- Records from a collection
........

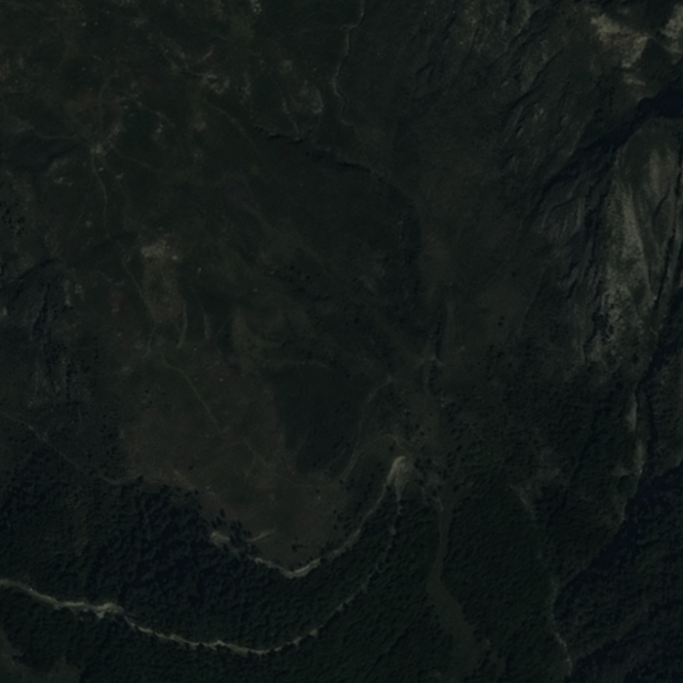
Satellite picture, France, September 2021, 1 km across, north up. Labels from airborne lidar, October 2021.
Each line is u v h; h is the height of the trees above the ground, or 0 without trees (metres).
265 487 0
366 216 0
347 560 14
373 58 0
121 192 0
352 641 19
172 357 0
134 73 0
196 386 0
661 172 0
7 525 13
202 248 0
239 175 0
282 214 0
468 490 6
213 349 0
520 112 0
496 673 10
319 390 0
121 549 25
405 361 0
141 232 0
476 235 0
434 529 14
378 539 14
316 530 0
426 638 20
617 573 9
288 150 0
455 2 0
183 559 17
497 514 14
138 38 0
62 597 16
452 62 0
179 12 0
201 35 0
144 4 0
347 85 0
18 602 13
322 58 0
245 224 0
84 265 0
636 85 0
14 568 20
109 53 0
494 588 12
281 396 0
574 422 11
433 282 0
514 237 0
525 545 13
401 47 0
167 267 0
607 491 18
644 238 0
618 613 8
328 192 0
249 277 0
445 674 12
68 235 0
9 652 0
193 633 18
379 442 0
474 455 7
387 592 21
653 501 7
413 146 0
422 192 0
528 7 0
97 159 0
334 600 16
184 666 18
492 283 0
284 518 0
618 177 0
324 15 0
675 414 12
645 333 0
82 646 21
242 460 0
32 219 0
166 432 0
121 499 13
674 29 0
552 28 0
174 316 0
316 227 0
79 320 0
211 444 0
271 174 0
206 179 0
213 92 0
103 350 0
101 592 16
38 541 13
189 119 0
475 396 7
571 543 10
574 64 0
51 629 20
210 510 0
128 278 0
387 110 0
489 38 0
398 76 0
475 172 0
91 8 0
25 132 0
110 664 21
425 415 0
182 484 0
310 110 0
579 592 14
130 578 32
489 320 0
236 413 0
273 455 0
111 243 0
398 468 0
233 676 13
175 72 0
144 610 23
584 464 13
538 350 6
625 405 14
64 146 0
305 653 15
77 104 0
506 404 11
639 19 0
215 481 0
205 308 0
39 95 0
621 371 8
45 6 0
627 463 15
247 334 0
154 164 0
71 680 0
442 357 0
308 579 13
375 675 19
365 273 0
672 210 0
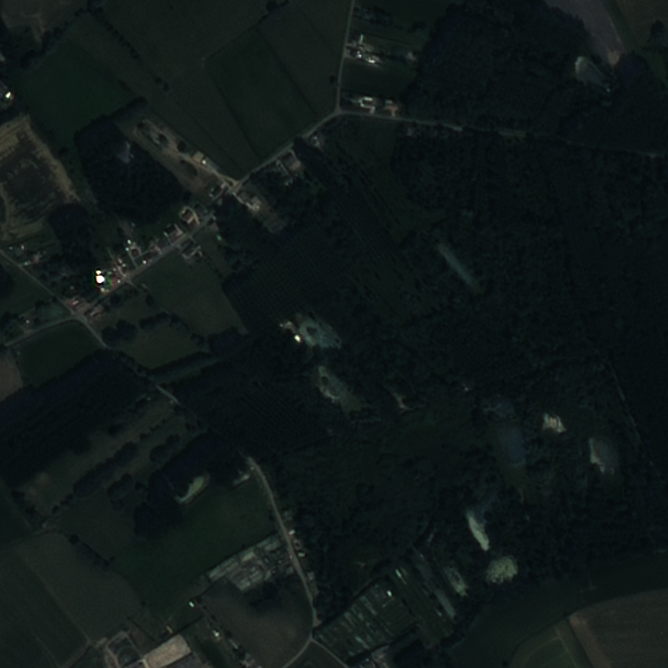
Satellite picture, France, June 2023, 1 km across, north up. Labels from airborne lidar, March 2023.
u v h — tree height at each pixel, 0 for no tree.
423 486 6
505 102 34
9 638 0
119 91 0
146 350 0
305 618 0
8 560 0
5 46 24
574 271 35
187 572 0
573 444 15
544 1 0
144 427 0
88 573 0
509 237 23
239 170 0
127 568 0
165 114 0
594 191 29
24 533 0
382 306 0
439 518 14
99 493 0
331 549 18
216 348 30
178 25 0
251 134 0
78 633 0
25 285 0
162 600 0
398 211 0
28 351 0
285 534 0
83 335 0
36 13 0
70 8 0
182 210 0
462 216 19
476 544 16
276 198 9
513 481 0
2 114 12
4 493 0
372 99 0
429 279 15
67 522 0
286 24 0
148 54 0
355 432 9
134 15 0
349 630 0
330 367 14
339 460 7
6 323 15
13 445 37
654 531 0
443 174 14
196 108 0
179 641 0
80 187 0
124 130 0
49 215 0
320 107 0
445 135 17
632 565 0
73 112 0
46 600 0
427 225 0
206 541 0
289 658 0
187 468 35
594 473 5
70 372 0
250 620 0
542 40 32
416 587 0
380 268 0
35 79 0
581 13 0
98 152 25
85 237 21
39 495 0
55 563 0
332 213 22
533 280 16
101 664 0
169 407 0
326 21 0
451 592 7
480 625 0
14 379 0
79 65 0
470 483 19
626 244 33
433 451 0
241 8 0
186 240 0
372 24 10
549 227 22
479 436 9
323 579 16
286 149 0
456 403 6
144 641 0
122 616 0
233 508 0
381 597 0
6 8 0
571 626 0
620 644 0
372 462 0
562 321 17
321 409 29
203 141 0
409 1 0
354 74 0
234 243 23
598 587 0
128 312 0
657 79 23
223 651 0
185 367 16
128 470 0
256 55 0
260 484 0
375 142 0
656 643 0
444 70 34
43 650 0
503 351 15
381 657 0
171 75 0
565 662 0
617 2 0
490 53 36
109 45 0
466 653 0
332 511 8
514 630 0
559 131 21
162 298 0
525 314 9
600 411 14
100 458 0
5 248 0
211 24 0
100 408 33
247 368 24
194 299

........

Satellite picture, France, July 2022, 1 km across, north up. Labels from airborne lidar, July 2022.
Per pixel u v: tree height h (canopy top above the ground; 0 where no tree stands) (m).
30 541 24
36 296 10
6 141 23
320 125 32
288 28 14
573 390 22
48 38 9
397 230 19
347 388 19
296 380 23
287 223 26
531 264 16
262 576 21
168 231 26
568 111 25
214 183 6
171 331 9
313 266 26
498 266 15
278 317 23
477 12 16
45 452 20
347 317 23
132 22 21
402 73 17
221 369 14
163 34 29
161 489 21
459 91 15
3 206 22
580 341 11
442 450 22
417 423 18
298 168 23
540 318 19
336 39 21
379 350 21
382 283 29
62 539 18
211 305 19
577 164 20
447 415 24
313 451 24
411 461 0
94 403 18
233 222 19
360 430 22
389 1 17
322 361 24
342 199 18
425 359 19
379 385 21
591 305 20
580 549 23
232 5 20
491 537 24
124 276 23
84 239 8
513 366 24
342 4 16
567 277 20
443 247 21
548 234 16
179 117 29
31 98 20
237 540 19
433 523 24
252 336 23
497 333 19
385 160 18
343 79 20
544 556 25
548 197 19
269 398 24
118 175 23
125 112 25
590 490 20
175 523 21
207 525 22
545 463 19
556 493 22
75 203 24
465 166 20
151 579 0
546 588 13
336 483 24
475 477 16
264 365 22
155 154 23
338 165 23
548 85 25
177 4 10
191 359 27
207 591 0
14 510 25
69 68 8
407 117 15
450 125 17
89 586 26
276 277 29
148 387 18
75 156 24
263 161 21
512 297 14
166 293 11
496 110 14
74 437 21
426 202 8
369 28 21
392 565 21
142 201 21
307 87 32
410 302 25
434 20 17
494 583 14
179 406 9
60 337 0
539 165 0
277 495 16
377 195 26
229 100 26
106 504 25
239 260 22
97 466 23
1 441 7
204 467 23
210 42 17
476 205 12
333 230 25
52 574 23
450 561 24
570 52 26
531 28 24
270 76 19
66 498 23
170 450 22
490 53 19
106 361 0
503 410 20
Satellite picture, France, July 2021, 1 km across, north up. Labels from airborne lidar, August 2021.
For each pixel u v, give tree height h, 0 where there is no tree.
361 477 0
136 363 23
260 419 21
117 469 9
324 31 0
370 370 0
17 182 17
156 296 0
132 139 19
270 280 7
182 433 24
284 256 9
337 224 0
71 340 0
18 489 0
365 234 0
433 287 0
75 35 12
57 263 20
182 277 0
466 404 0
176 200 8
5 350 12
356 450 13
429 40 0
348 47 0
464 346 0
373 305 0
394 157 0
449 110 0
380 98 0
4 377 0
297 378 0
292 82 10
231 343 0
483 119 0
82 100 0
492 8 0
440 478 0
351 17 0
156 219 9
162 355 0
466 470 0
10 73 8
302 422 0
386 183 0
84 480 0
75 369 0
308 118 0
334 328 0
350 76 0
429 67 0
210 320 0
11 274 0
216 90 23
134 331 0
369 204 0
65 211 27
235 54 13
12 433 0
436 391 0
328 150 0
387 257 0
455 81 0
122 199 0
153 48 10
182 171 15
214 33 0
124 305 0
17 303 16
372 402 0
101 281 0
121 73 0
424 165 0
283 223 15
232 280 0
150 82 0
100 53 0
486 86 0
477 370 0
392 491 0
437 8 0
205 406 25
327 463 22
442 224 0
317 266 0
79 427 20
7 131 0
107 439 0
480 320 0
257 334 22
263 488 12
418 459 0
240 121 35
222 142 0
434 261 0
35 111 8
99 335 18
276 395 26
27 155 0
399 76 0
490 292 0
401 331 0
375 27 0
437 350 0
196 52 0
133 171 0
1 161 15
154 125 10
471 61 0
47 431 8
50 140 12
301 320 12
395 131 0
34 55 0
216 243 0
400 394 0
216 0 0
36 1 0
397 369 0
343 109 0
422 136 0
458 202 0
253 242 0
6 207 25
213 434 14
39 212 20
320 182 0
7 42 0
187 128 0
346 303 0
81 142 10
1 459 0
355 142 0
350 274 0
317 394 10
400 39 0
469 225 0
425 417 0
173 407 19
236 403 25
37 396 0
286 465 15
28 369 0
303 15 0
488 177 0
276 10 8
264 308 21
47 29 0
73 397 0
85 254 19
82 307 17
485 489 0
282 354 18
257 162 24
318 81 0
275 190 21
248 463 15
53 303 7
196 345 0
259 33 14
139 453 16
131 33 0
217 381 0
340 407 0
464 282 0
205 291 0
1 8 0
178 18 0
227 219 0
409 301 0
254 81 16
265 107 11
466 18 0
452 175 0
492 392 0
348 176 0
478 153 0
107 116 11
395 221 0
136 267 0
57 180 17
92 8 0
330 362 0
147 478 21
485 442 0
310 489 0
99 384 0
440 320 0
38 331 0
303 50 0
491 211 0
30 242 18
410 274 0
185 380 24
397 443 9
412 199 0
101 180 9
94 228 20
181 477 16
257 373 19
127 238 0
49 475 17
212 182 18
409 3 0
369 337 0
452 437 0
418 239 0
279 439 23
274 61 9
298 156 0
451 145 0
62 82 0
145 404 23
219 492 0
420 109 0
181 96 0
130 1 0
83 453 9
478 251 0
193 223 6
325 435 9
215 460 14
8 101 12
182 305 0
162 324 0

........

- Exercise description
From the data above, copy out every line with the string "ground" in it.

- Your solution
Each line is u v h; h is the height of the trees above the ground, or 0 without trees (metres).
Per pixel u v: tree height h (canopy top above the ground; 0 where no tree stands) (m).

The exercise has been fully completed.